Дворецкий важно кивнул, подхватил поднос и чинно направился к выходу.
В ожидании, пока за Хоупом закроется дверь, Черчилль задумчиво жевал погасшую сигару.
— Вы читали сегодняшнюю прессу? — Уинсли постучал длинным пальцем по номеру «Дейли телеграф». Ноготь оставил след под заголовком «Крейсер “Хемпшир” был подорван немецкой подлодкой!». — Какая нелепая случайность, и какая великая скорбь, — трагично добавил он.
Черчилль опустил сигару в пепельницу и раскурил новую.

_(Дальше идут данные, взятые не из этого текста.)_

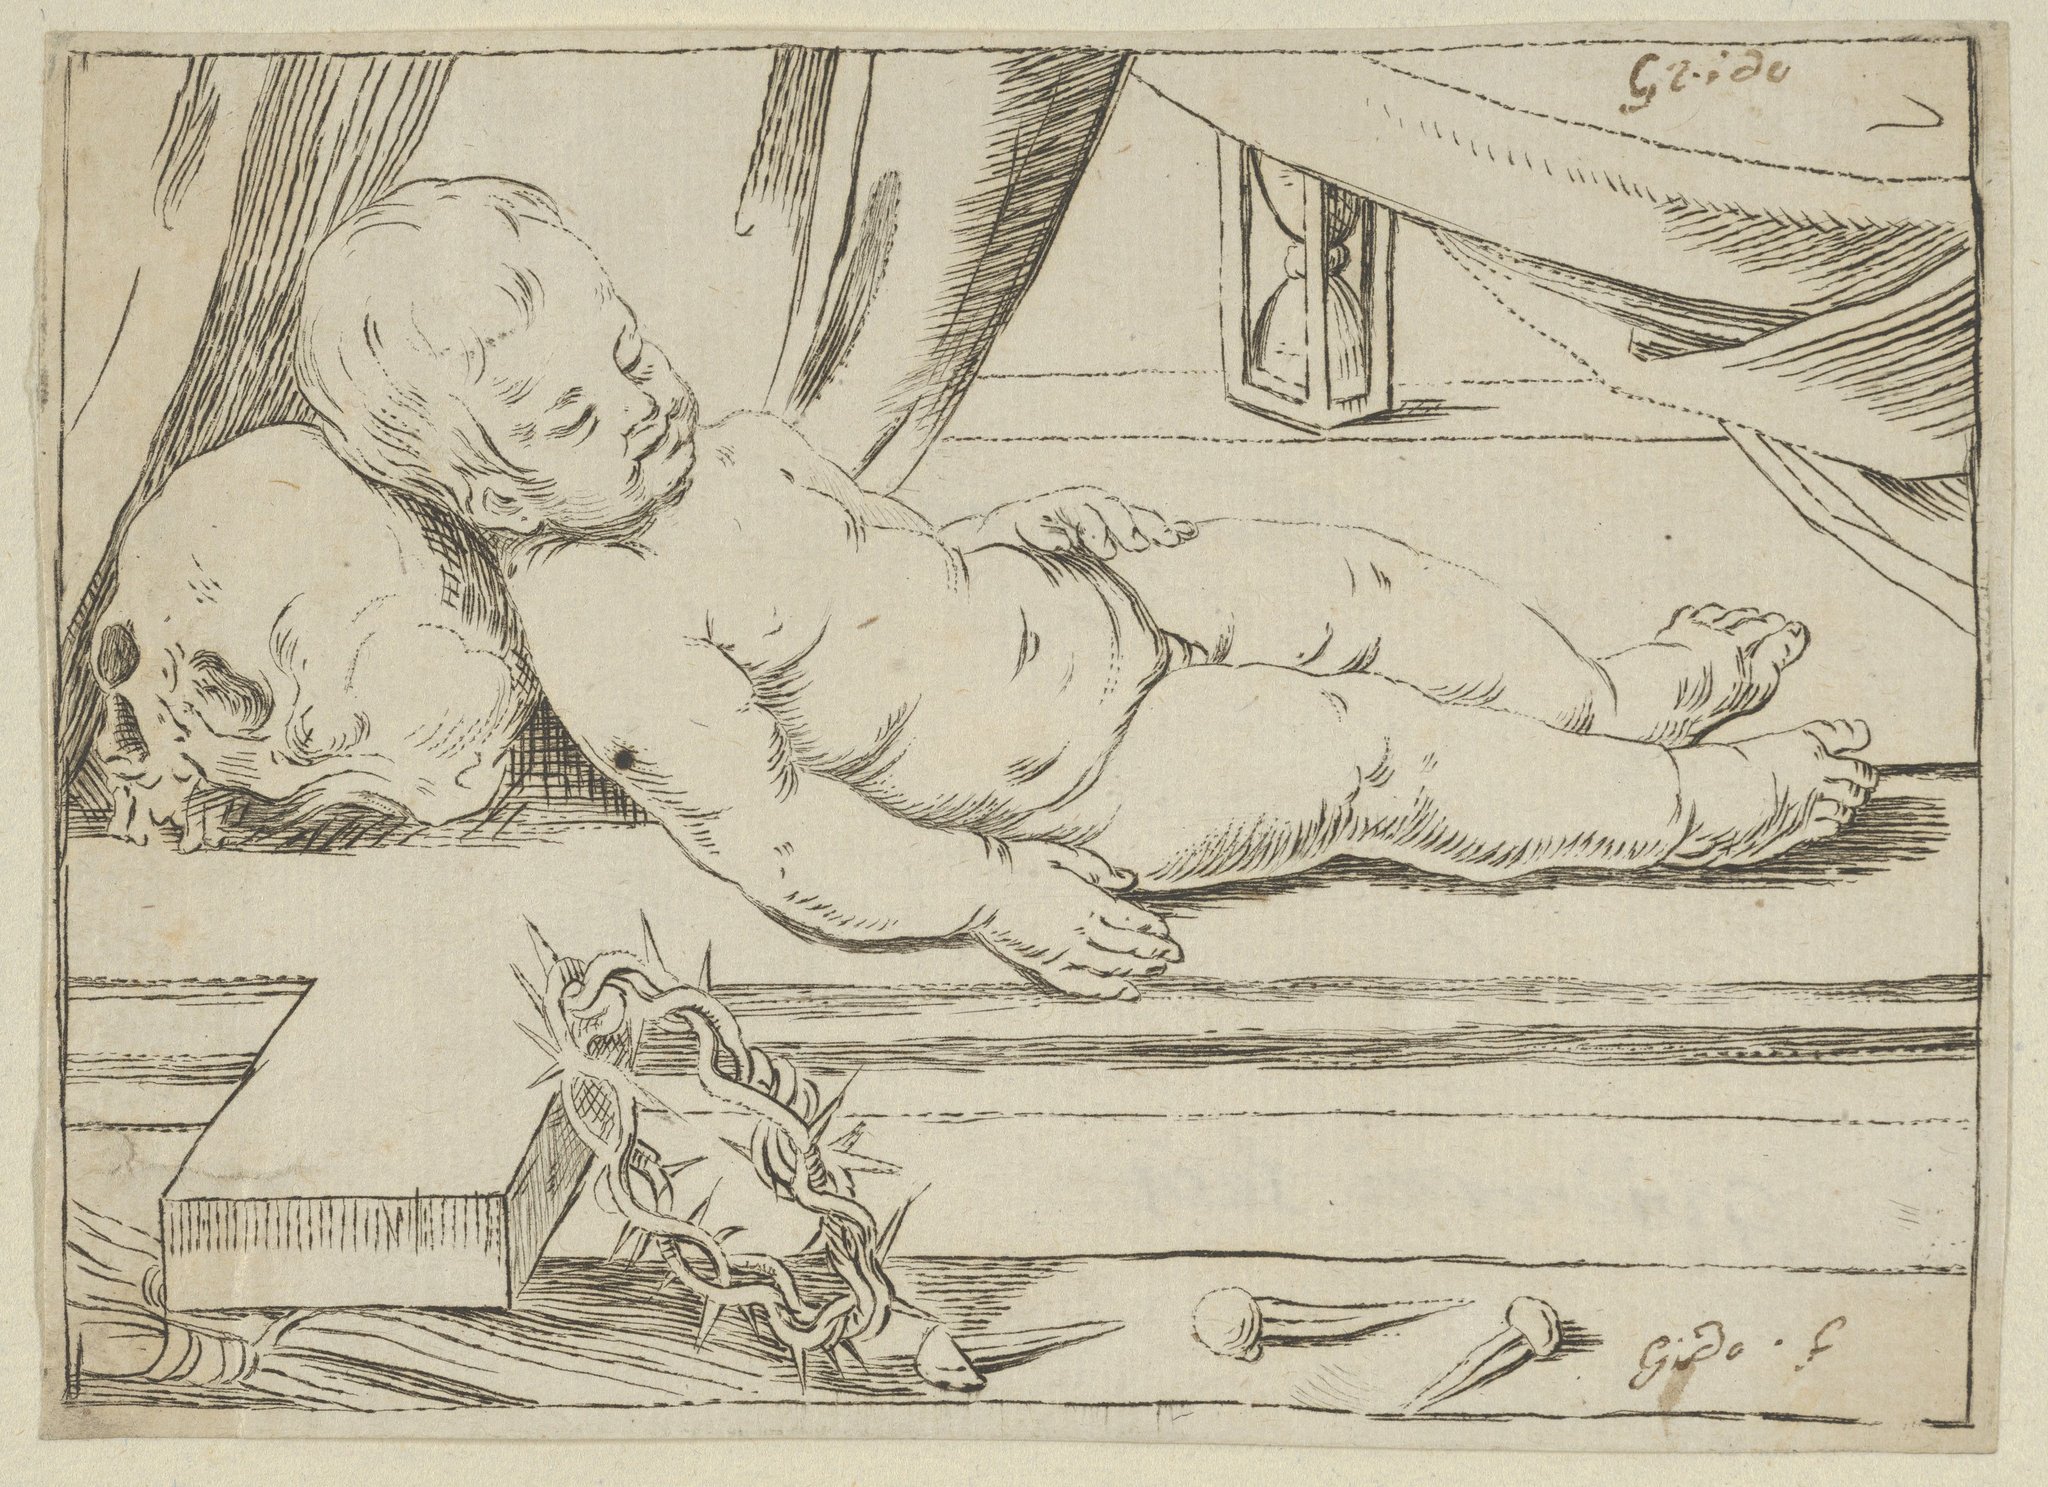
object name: print
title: The infant Christ asleep on a cross, his head resting on a skull, a crown of thorns and nails in the foreground
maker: anonymous, italian, 17th century
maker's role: artist
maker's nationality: italian
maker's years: 1600-1700
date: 1601-1700
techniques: etching
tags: skulls,cross,jesus

— Признаться по чести, сэр Уинсли, я скорблю меньше многих.
Ноздри Артура едва заметно раздулись:
— Вот как? Вы затаили злобу на бедного Горация?
— Не буду скрывать, я не питал большой любви к фельдмаршалу, — Черчилль отхлебнул виски, — но дело не в этом.

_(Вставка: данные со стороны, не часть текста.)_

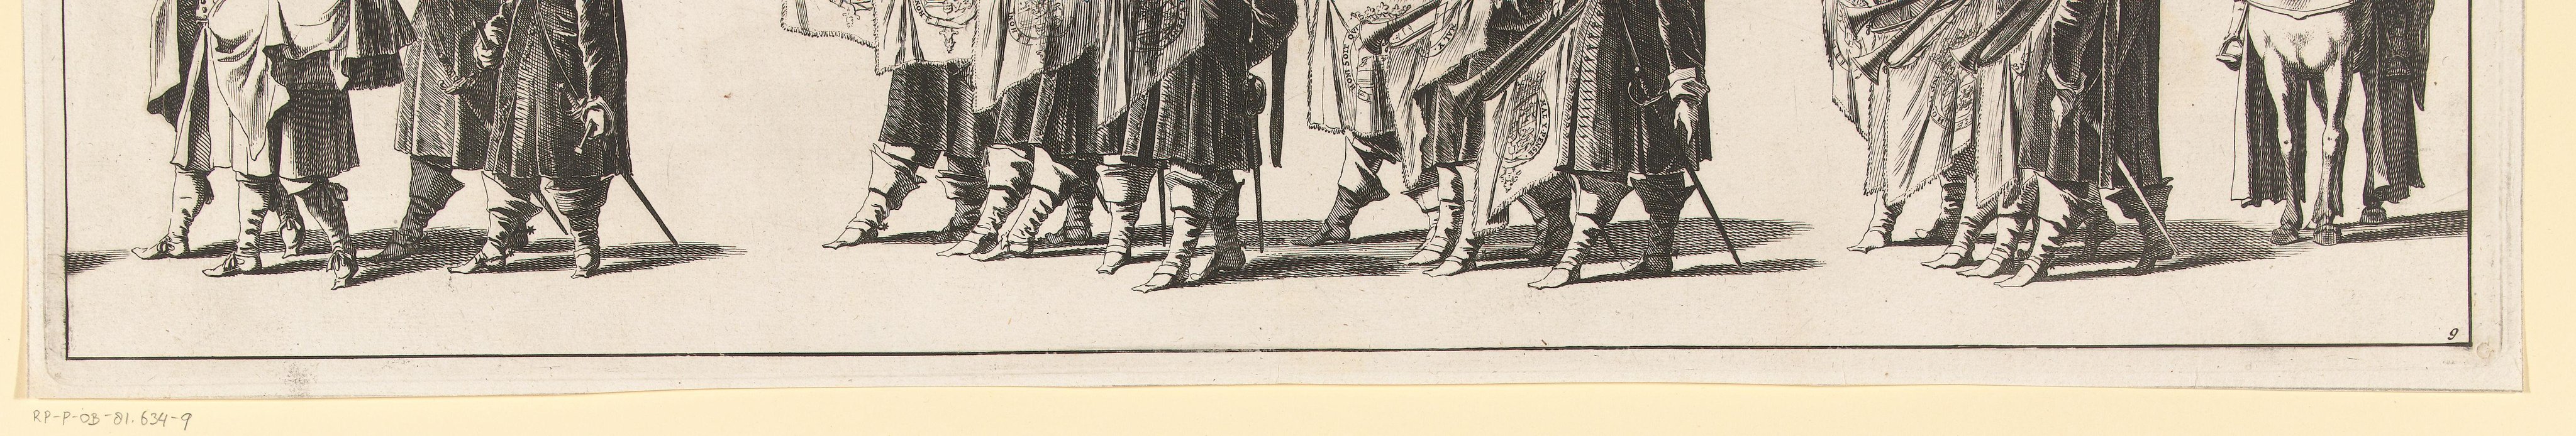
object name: print
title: De begrafenisstoet van stadhouder Frederik Hendrik te 's-Gravenhage in 1647
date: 1647-1651
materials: paper
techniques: etching
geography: the hague
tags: frederick henry (prince of orange), cortege, funeral procession, the hague
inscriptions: collector's mark
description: De begrafenisstoet van stadhouder Frederik Hendrik te 's-Gravenhage op 10 mei 1647. Plaat nr. 10 met een deel van de stoet met vaandeldragers en een paard, boven de personen staan hun naam en functie. Onderdeel van een serie van 30 platen en 20 tekstbladen, bedoeld om aan elkaar geplakt te worden.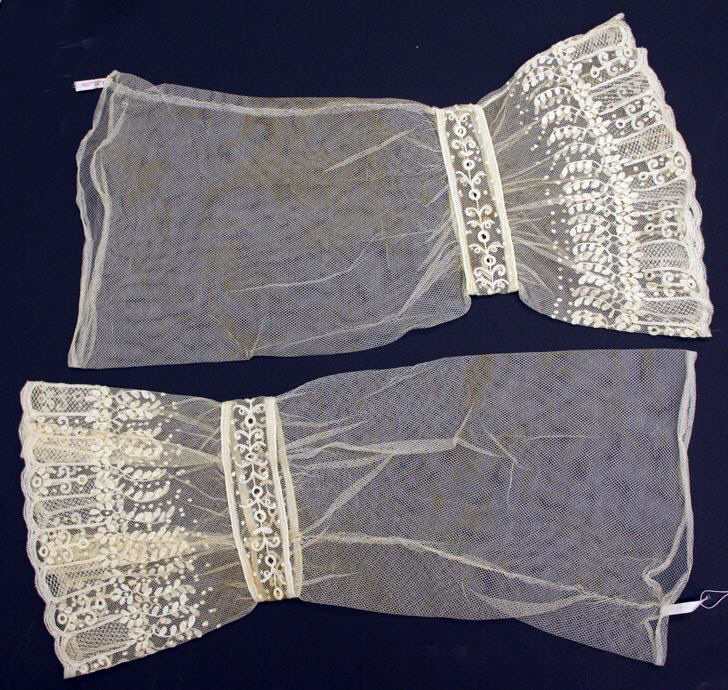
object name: undersleeves
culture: british
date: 1834-1866

Сэр Уинсли склонил голову набок и прищурился. Сейчас были уместны сразу два вопроса, но он решил выстрелить из крупного калибра:
— Раз уж у нас зашел такой откровенный разговор, сэр Уинстон, вы случайно не знаете, отчего его величество отправил покойного лорда Китченера к русскому царю тотчас после Ютландского сражения?

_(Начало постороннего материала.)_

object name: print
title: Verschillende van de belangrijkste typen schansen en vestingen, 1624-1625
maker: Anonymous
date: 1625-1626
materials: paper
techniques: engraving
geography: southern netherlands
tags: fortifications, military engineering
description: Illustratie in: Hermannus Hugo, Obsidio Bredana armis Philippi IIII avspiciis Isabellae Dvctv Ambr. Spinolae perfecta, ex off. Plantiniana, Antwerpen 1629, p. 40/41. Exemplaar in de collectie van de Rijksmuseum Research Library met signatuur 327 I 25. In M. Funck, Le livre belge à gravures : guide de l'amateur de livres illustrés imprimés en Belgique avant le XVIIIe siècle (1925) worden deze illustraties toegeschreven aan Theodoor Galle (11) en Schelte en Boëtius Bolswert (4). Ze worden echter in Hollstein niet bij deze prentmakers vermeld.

— Ну отчего же, — демонстративно стряхнул пепел в свою серебряную ракушку Черчилль. — Я тоже неплохо осведомлен в некоторых вопросах.
Уинсли понял — теперь придется переходить к делам. Но решил все-таки дожать:
— Это как-то связано с прорывом русских на Юго-Западном фронте? Под командованием этого генерала, — Уинсли пощелкал пальцами, — Брю… Брюсс…
— Брусилов, — подсказал Черчилль. — Отчасти. Дело в том, что незадолго до сражения у Ютланда русский император предложил объединить Гранд Флит со своим Балтийским флотом на время проведения операции. С такой мощной эскадрой мы навсегда бы избавились от бошей на море. А добавьте сюда Луцкий прорыв русских, и Германия с Австрией уже не поднялись бы с колен. Но сэр Китченер, упокой Господи его душу, самонадеянно отговорил его величество. После нашей неоднозначной победы в Северном море король отправил фельдмаршала исправлять ошибку. Хвала Создателю, что случайная немецкая мина избавила нас еще от одной, на мой взгляд, намного большей ошибки. Русский медведь способен восхищаться только силой, и нет ничего, к чему бы он питал меньше уважения, чем к военной слабости. К этому лету Россия, которая почти полтора года воевала практически безоружной, сумела выставить в поле — организовать, вооружить, снабдить, — Черчилль поднял руку и многозначительно потряс сигарой, — шестьдесят армейских корпусов вместо тридцати пяти, с которыми она начала войну. Шутка ли? Приняв предложение императора Николая, Британия имела бы возможность в начале этого месяца закончить войну, а теперь русские могут сделать это и без нас!